Increased Education Crucial to Improving Rare Disease Care, Survey Finds
Healthcare providers involved in diagnosing and treating rare diseases believe that increased physician education and collaboration with specialized facilities will have the greatest positive impact on treating these conditions over the next five years, according to results from a 2021 survey.
Definitive Healthcare, a healthcare commercial intelligence company, conducted the online survey from November to December 2021. The survey sought to better understand the challenges healthcare providers face in diagnosing and treating rare disease patients.
Eligible survey respondents were healthcare providers with a diagnosis claim for at least one of more than 142 rare diseases and who also reported experience diagnosing or treating rare diseases.
One-hundred and fifty professionals from 128 healthcare organizations and hospitals responded to the survey.

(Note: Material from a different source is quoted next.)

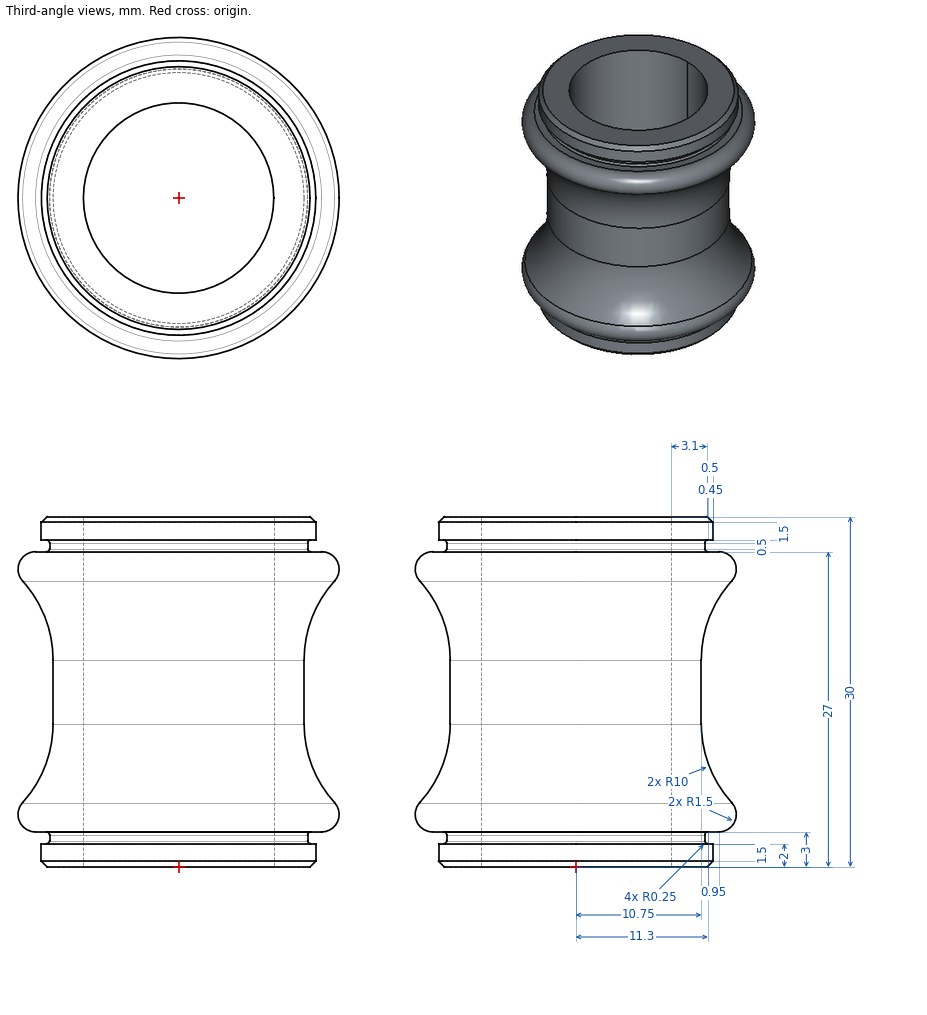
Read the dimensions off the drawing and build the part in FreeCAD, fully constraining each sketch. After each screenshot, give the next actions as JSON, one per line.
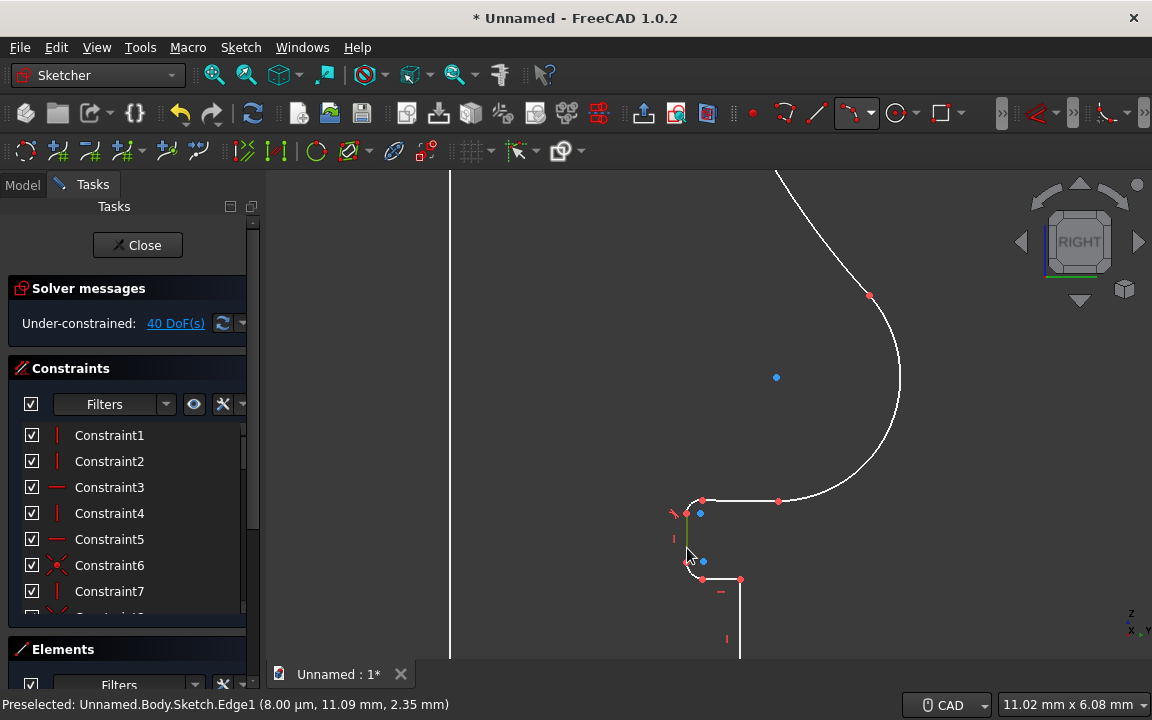
{"action": "left_click", "coordinate": [692, 574]}
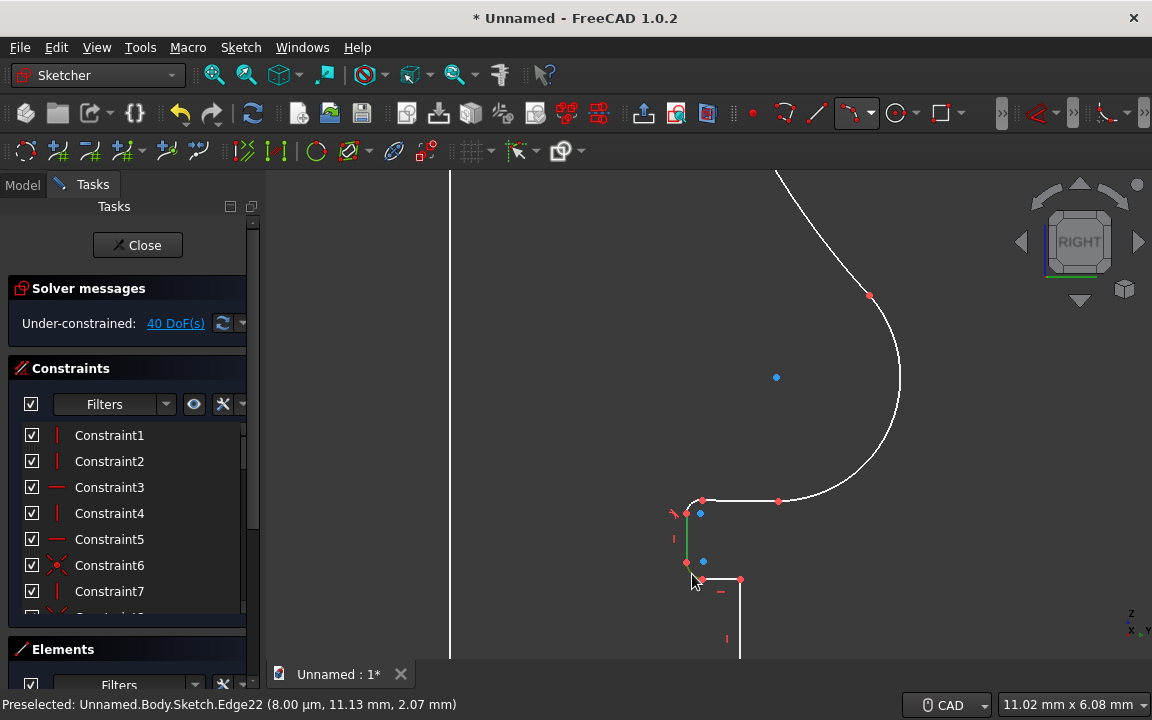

The top primary specialties of respondents included family practice, congenital and genetic diseases, internal medicine, pediatrics, neuroscience, oncology, and radiology.
The questions included in the survey covered mostly three main topics: current challenges faced by providers when diagnosing and treating rare diseases, how well are organizations equipped to diagnose and treat rare diseases, and factors that would have the greatest positive impact in addressing rare disease today and in the next five years.
In the U.S., rare diseases are defined as any condition that affects fewer than 200,000 people in the country. According to the National Institutes of Health, there may be more than 7,000 rare diseases.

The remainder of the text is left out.